Of his writings are the following:
An excellent dodecasyllabic poem consisting of five hundred and five lines in seventy pages. He composed it in 1155 and addressed it to his friend the monk Michael in Acre. He began it with the aphorism, "There is a time to speak and a time to be silent." Each distich of its lines begins with letters of another poem in the pentasyllable meter. It begins thus: "To our brother Michael in Palestine" and ends with a letter of a third poem of the same meter beginning thus: "John, residing in parts of Syria." In this poem, he criticized acrimoniously the policy of the clergy in his time, namely those priests and deacons who rebelled against their bishops. He rebuked the monks who violated their monastic rules by spending their time making money rather than by laboring in vineyards and olive groves. He particularly rebuked the monks of the Monastery of St. Barsoum for their high-handedness and greed in collecting taxes in the name of the saint, their disobedience to their superiors and simony practiced by some of them. He also composed and addressed to the same monk a symbolic poem in the pentasyllable meter covering five pages beginning thus: "In reply to your quest not your expectation." He then goes on to say that his right hand has become tired because of the many letters he has written and sent in vain to Palestine. Moreover, he reprimanded a friend who turned against him and described love most beautifully, demonstrating that he is a powerful and efficient poet who has the ability to manipulate both form and content.

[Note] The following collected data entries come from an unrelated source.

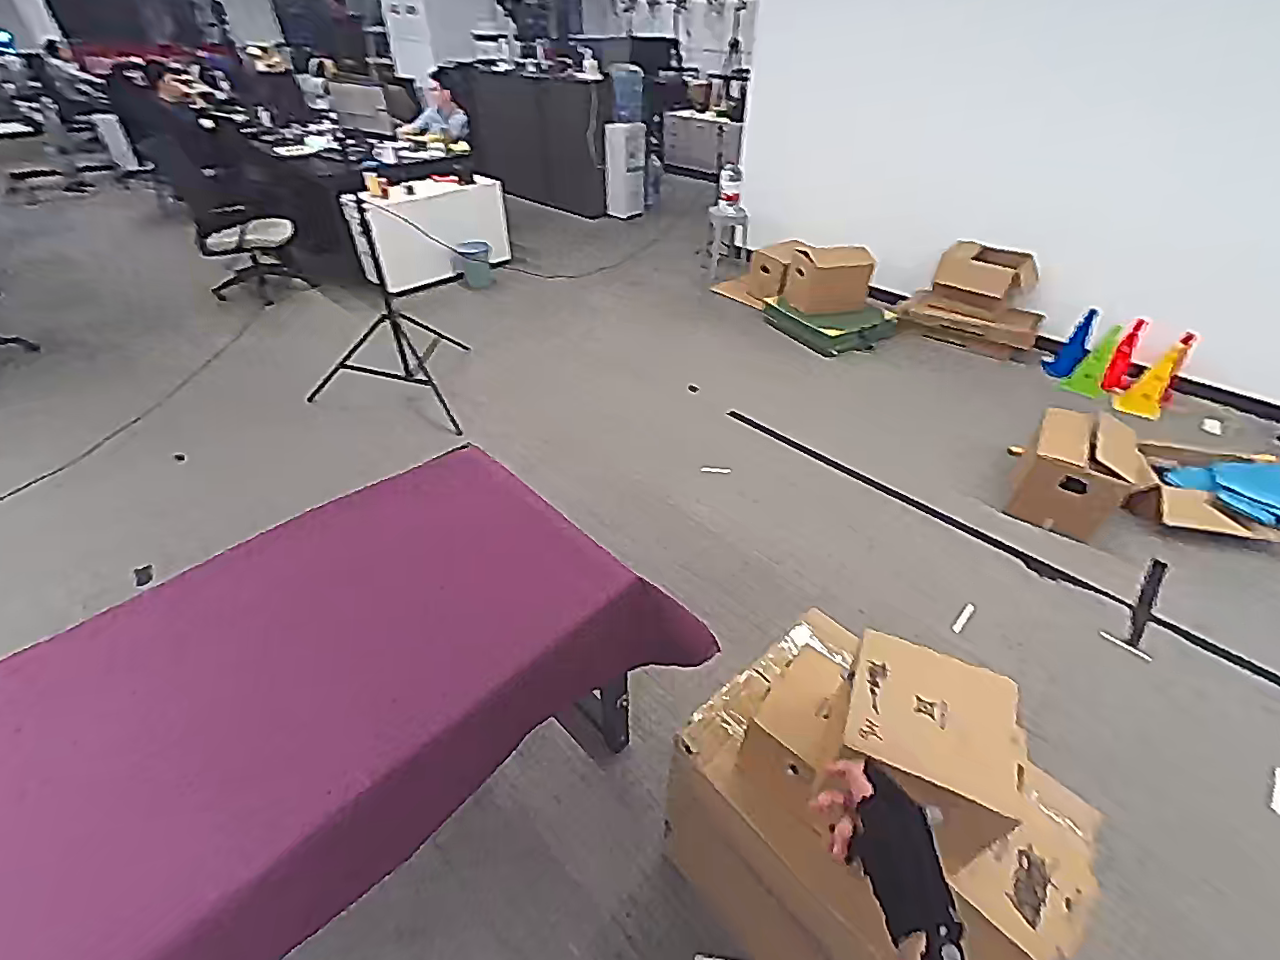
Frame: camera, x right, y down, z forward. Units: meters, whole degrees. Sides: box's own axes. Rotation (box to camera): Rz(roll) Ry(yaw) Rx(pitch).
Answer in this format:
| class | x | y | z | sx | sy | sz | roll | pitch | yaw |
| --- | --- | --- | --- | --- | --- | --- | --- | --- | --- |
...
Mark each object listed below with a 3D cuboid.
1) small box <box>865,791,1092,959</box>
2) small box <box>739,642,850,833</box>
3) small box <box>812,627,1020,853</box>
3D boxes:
| class | x | y | z | sx | sy | sz | roll | pitch | yaw |
| --- | --- | --- | --- | --- | --- | --- | --- | --- | --- |
| small box | 0.427 | 0.497 | 0.706 | 0.168 | 0.176 | 0.179 | -32 | 47 | -32 |
| small box | 0.271 | 0.394 | 0.829 | 0.179 | 0.176 | 0.168 | 31 | 50 | 29 |
| small box | 0.330 | 0.320 | 0.663 | 0.179 | 0.176 | 0.168 | 17 | 43 | 19 |
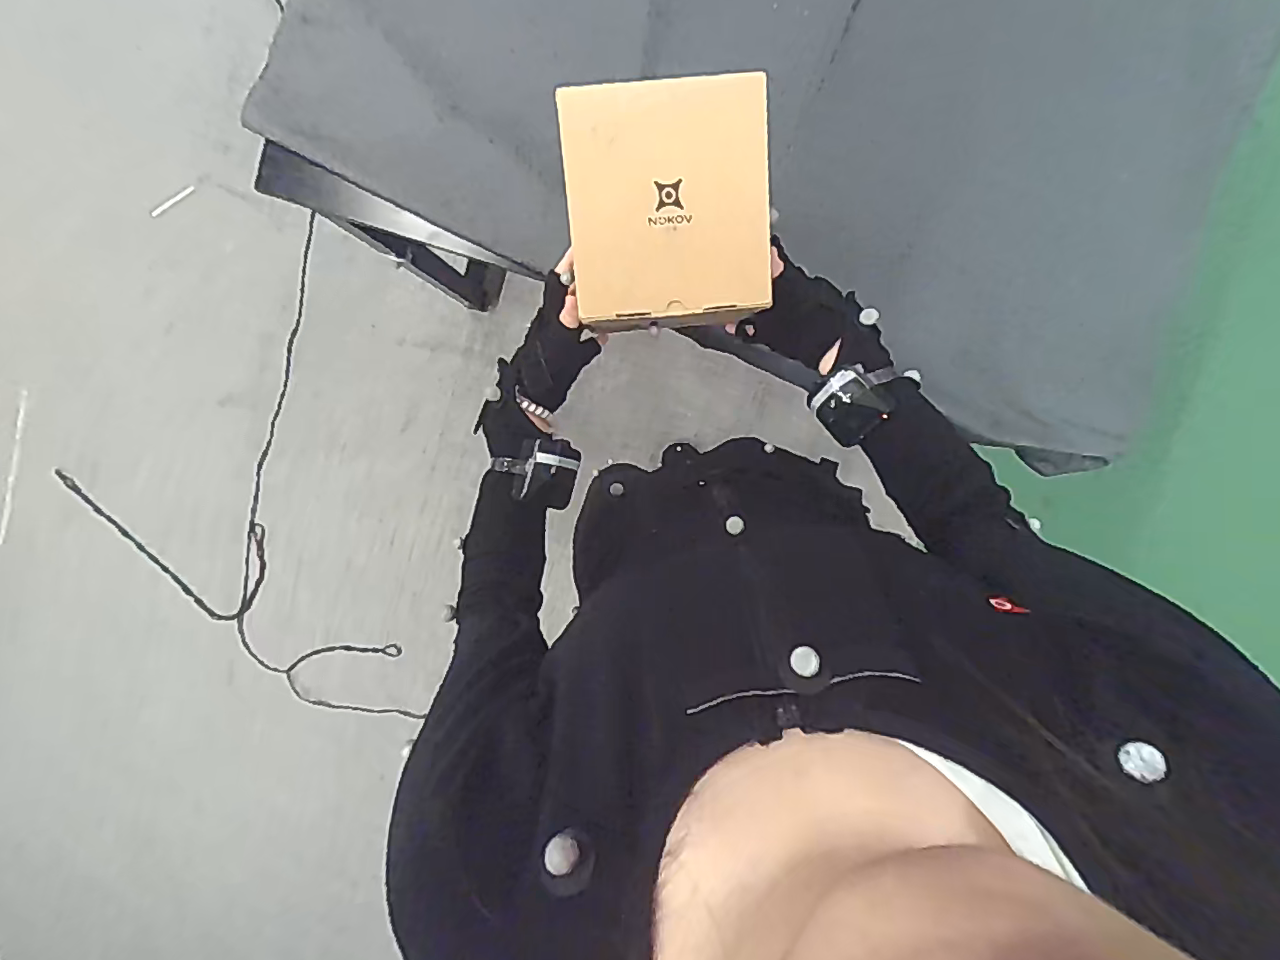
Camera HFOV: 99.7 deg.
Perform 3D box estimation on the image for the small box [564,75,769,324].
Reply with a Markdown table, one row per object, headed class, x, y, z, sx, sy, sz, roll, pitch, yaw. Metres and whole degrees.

A testimony of Bar Andrews' natural and beautiful poetry is his madrosho (metrical song) entitled, "Eulogies composed and chanted about himself in repentance." This madrosho is sung in the melody: "Grant us, Lord, to see our departed ones in the kingdom of Heaven on the day of resurrection." It begins thus: "How great my need is, my son John, for an eloquent tongue and clear thoughts to cry and bewail myself bitterly." One hundred and twenty-seven lines of this madrosho have been preserved and entered in his lifetime in the book for the burial of priests and church dignitaries. It was spread throughout the countries where there were Syrian churches, as we read in a vellum manuscript in the Boston library. One finds in it smooth words and profound and inventive themes. Indeed, it is a poem of tears and compassionate sentiment exquisitely composed.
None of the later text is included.